For CTF, either engine is fine. Many players run rizin with Cutter for the graph view and drop to the command line for scripting and patching. The official project homes are the radare2 site, the rizin site, and Cutter; all three are free and open source.

Note: You do not have to choose forever. The skills transfer almost perfectly. Learn the command grammar once and you can sit down at radare2, rizin, or Cutter's embedded console and be productive in minutes.

Which picoCTF challenges are good practice for this workflow?
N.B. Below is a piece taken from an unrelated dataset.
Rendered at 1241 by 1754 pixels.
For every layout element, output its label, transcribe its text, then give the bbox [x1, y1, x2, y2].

The reversing track is the natural home for radare2. A few challenges on this site map cleanly onto the read-or-patch loop above:

  • picoCTF 2024 Classic Crackme 0x100 is the canonical "find the check, read or patch it" exercise. Open it, aaa, iz, then axt your way to the comparison.
  • picoCTF 2022 keygenme asks you to understand a key-generation routine rather than just read a stored string, so it is where the pdg decompiler earns its keep over raw pdf.
  • picoCTF 2023 reverse is a gentle on-ramp: the answer is close to the surface, perfect for practicing the opening sequence without obfuscation getting in the way.
  • picoCTF 2021 crackme-py is a Python target rather than a native binary, a useful reminder that radare2 is for machine code; for bytecode you reach for a different tool, and knowing where the line sits is part of the skill.
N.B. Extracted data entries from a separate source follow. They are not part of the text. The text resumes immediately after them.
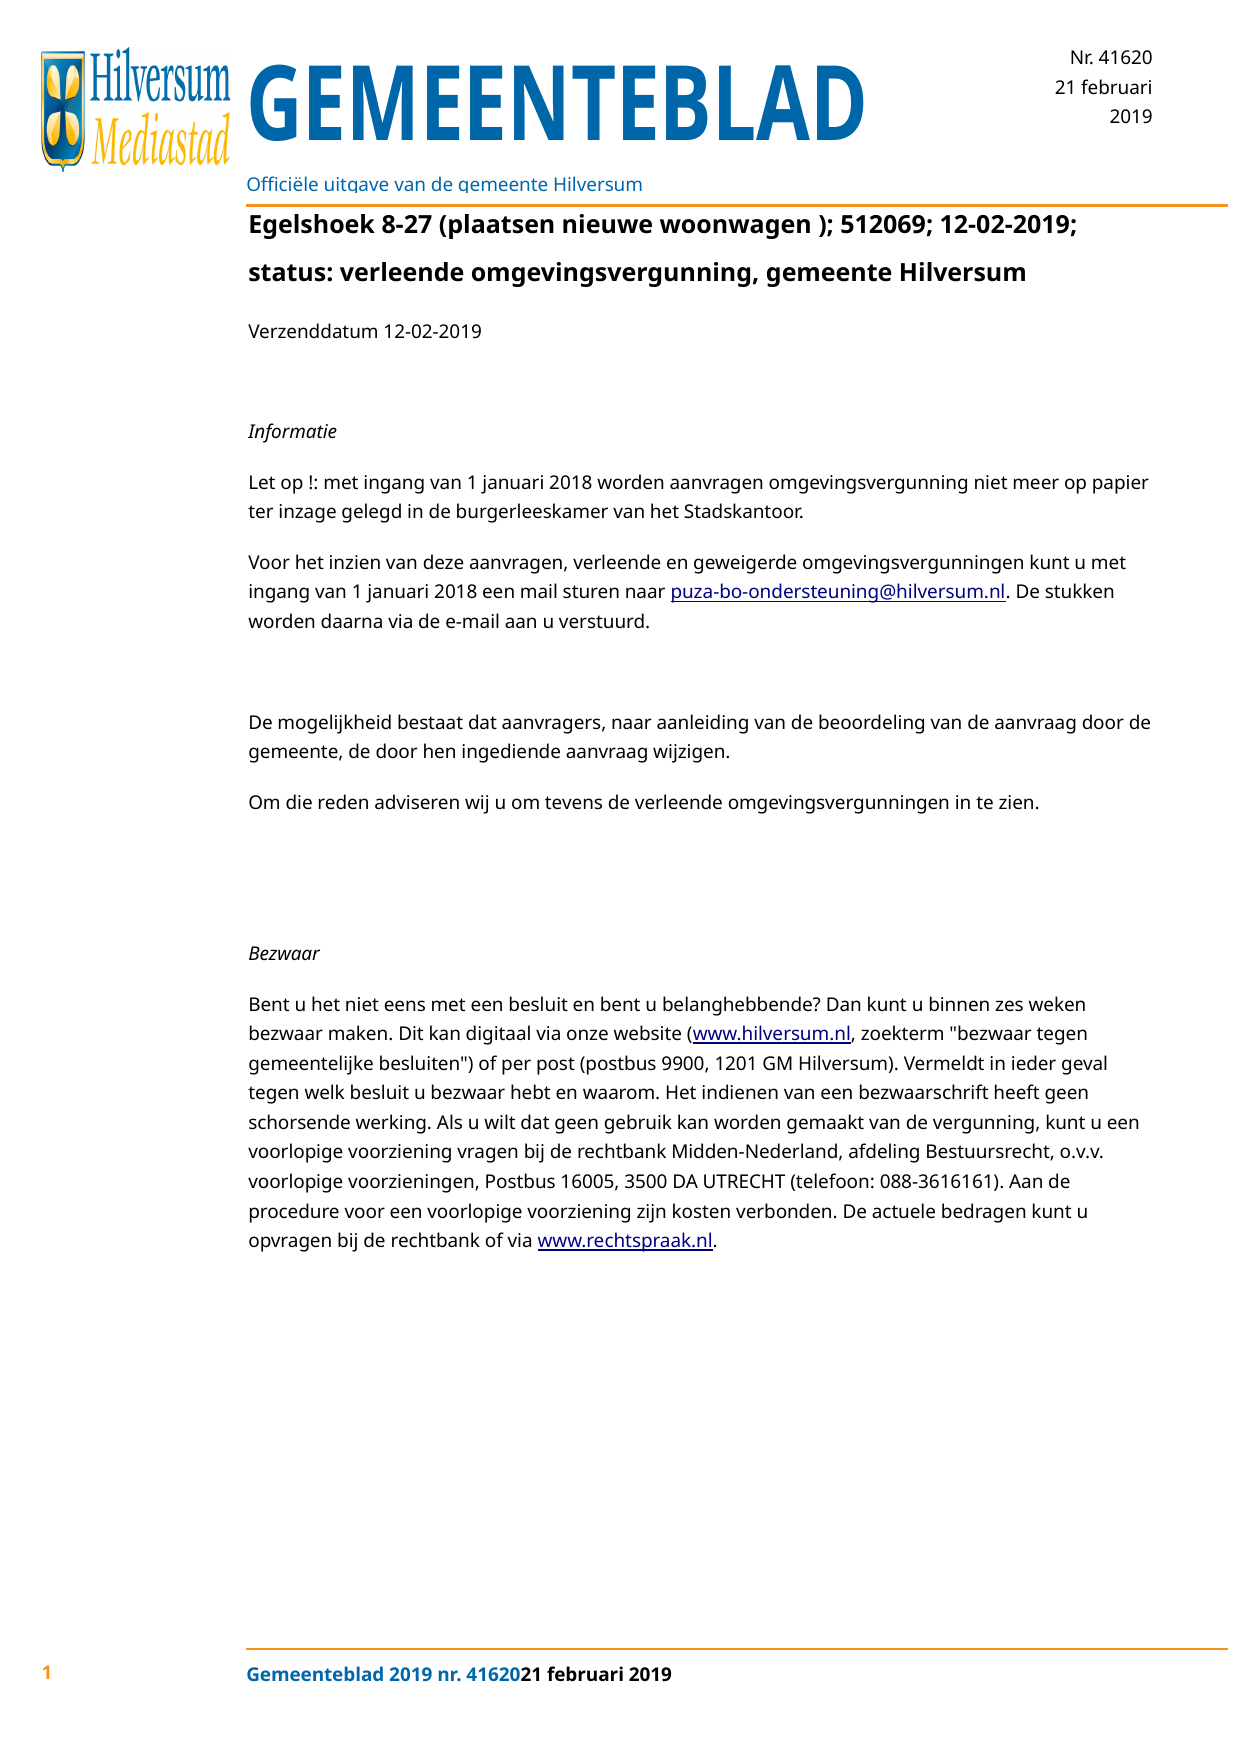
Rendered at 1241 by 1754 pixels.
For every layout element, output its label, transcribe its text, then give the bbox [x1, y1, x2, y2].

text De mogelijkheid bestaat dat aanvragers, naar aanleiding van de beoordeling van de aanvraag door de gemeente, de door hen ingediende aanvraag wijzigen. [248, 709, 1152, 764]
text Bezwaar [248, 940, 1152, 966]
picture [41, 47, 231, 172]
text Voor het inzien van deze aanvragen, verleende en geweigerde omgevingsvergunningen kunt u met ingang van 1 januari 2018 een mail sturen naar puza-bo-ondersteuning@hilversum.nl. De stukken worden daarna via de e-mail aan u verstuurd. [248, 549, 1152, 634]
text Bent u het niet eens met een besluit en bent u belanghebbende? Dan kunt u binnen zes weken bezwaar maken. Dit kan digitaal via onze website (www.hilversum.nl, zoekterm "bezwaar tegen gemeentelijke besluiten") of per post (postbus 9900, 1201 GM Hilversum). Vermeldt in ieder geval tegen welk besluit u bezwaar hebt en waarom. Het indienen van een bezwaarschrift heeft geen schorsende werking. Als u wilt dat geen gebruik kan worden gemaakt van de vergunning, kunt u een voorlopige voorziening vragen bij de rechtbank Midden-Nederland, afdeling Bestuursrecht, o.v.v. voorlopige voorzieningen, Postbus 16005, 3500 DA UTRECHT (telefoon: 088-3616161). Aan de procedure voor een voorlopige voorziening zijn kosten verbonden. De actuele bedragen kunt u opvragen bij de rechtbank of via www.rechtspraak.nl. [248, 991, 1152, 1253]
text Egelshoek 8-27 (plaatsen nieuwe woonwagen ); 512069; 12-02-2019; status: verleende omgevingsvergunning, gemeente Hilversum [248, 207, 1152, 288]
text Let op !: met ingang van 1 januari 2018 worden aanvragen omgevingsvergunning niet meer op papier ter inzage gelegd in de burgerleeskamer van het Stadskantoor. [248, 469, 1152, 524]
text Verzenddatum 12-02-2019 [248, 318, 1152, 344]
text Om die reden adviseren wij u om tevens de verleende omgevingsvergunningen in te zien. [248, 789, 1152, 815]
text Informatie [248, 419, 1152, 444]

Work them in that order and you will have run every command in the quick reference below against a real target at least once.

Quick reference

radare2 / rizin command cheat sheet

# Open and analyze
r2 ./bin open (rizin: rz ./bin)
r2 -A ./bin open and run aaa automatically
r2 -w ./bin open in write mode (patching)
aaa analyze all (functions, xrefs, strings, flags)
aaaa more aggressive, experimental analysis
# Navigate and survey
afl list functions
s main seek to a function by name
s 0x1234 seek to an address
f list flags (named locations)
# Read
pdf disassemble the current function
pd 20 disassemble 20 instructions
VV visual call/branch graph (q to exit)
pdc built-in pseudo decompiler (r2 only)
pdg Ghidra decompiler (needs r2ghidra / rz-ghidra)
# Strings and cross-references
iz strings in data sections
izz strings in the whole binary
axt xrefs TO the current address
axf xrefs FROM the current address
# Patch (requires -w)
wx 9090 write raw hex bytes
wa nop assemble and write an instruction
wao recj flip a conditional jump (je <-> jne)
# Help, always
a? p? ax? w? sub-help for any command prefix

Learn the seven roots (a s p f i V w), append ? whenever you are stuck, and a CTF binary goes from opaque blob to readable program in the time it takes Ghidra to finish importing.